SinonJS: An open-source library for creating stubs, spies, and mocks. We use it the most often for mocking out our server calls with sample data that we store with the tests, like so:

var forumThreadsJSON  = JSON.parse(
    fs.readFileSync(path.join(__filename, 'forum.threads.json')));

server    = sinon.fakeServer.create();
server.respondWith("GET", '/forums/0/threads', 
   [200,
   {"Content-Type":"application/json"},
   JSON.stringify(forumThreadsJSON)]);

// We call this after we expect the AJAX request to have started
server.respond();

We can also use it for stubbing out functionality that does not work in JSDom, like functions involving window properties, or functionality that comes from 3rd party APIs:

var util = browser.require('js/lib/util');
sinon.stub(util, 'changeUrlParam',
   function(url, name, value) { return url + value;});

var BadgevilleUtil = browser.require('js/lib/badgeville');
sinon.stub(BadgevilleUtil, 'isEnabled',
   function() { return true;});

Or we can use it to spy on methods, if we just want to check how often they're called. Sometimes this means making an anonymous function into a view method, for easier spy-ability:


sinon.spy(view, 'redirectToThread');
// do some stuff to call function to be called
chai.expect(view.redirectToThread.calledOnce)
    .to.be.equal(true);
view.redirectToThread.restore();

Besides those testing-specific libraries, we also use NodeJS to execute the tests, along with various Node modules:

require: Similar to how we use this in our Backbone models and views to declare dependencies, we use require in the tests to bring in whatever libraries we're testing.
path: A library that helps construct paths on the file system.
fs: A library that helps us read our test files.
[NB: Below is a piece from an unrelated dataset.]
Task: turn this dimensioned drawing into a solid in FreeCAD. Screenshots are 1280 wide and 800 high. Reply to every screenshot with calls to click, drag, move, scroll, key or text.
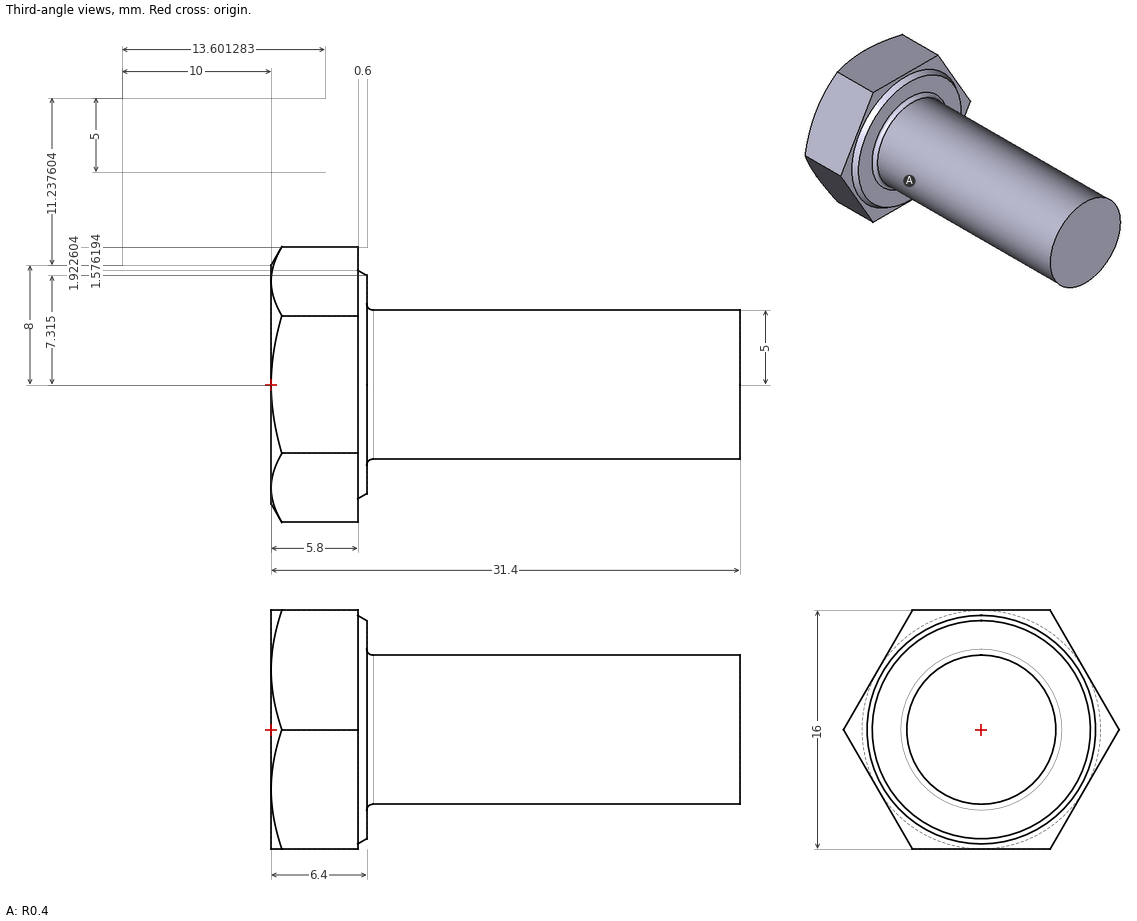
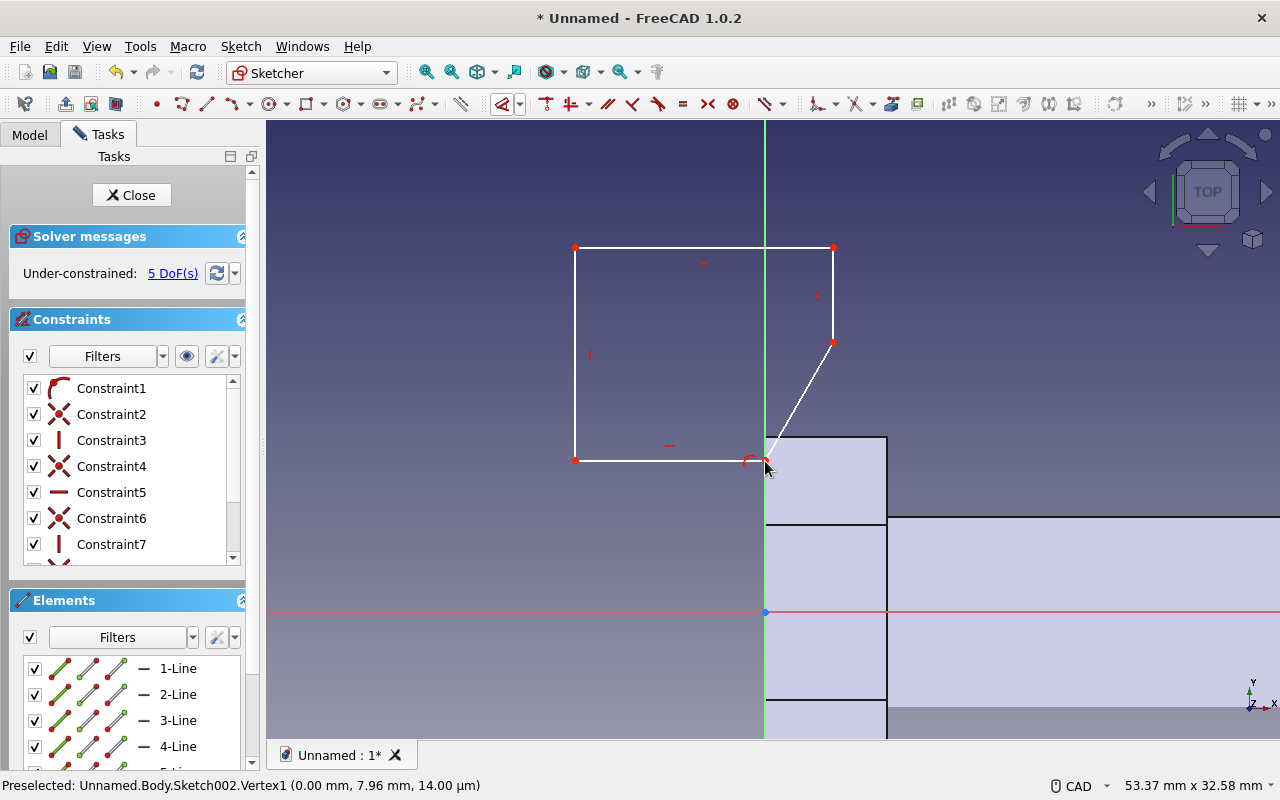
click(833, 315)

Let's see what all of that looks like together in one test suite. These are a subset of the tests for our various about pages. The first test is a very simple one, of a basically interaction-less, AJAX-less posts. The second test is for a page that does one AJAX call:

describe('about pages', function() {
  var chai = require('chai');
  var path = require('path');
  var env  = require(path.join(testDir, 'lib', 'environment'));
  var fs   = require('fs');

  var Coursera;
  var browser;
  var sinon;
  var server;
  var _;

  beforeEach(function() {
    browser = env.browser(staticDir);
    Coursera  = browser.require('pages/home/app');
    sinon = browser.require('js/lib/sinon');
    _ = browser.require('underscore');
  });

  describe('aboutBody', function() {

    it('about page content', function() {
      var aboutBody = browser.require('pages/home/about/aboutBody');
      var body      = new aboutBody();
      var view      = body.render();

      chai.expect(document.title).to.be.equal('About Us | Coursera');
      chai.expect(view.$el.find('p').size()).to.be.equal(6);
      chai.expect(view.$el.find('h2').size()).to.be.equal(3);
    });
  });


  describe('jobsBody and jobBody', function(){

    var jobs     = fs.readFileSync(path.join(__filename, '../../data/about/jobs.json'), 'utf-8');
    var jobsJSON = JSON.parse(jobs);

    beforeEach(function() {
      server = sinon.fakeServer.create();
      server.respondWith("GET", Coursera.config.url.api + "common/jobvite.json", 
        [200, {"Content-Type":"application/json"}, jobs]);
    });

    it('job page content', function(done) {
      var jobBody = browser.require('pages/home/about/jobBody');
      var view      = new jobBody({jobId: jobsJSON[0].id});

      var renderJob = sinon.stub(view, 'renderJob', function() {
        renderJob.restore();
        view.renderJob.apply(view, arguments);
        chai.expect(view.$('.coursera-about-body h2').text())
          .to.be.equal(jobsJSON[0].title);
        done();
      });

      view.render();
      chai.expect(document.title).to.be.equal('Jobs | Coursera');
      server.respond();
    });

  });

Integration testing

Can a user go through the entire flow of sign up, enroll, watch a lecture, and take a quiz? This type of testing can be done via Selenium WebDriver, which opens up a remote controlled browser on a virtual machine, executes commands, and checks expected DOM state. The same test can be run on multiple browsers, to make sure no regressions are introduced cross-browser. They can be slow to run, since they do start up an entire browser, so it is common to use cloud services like SauceLabs to distribute tests across many servers and run them in parallel on multiple browsers.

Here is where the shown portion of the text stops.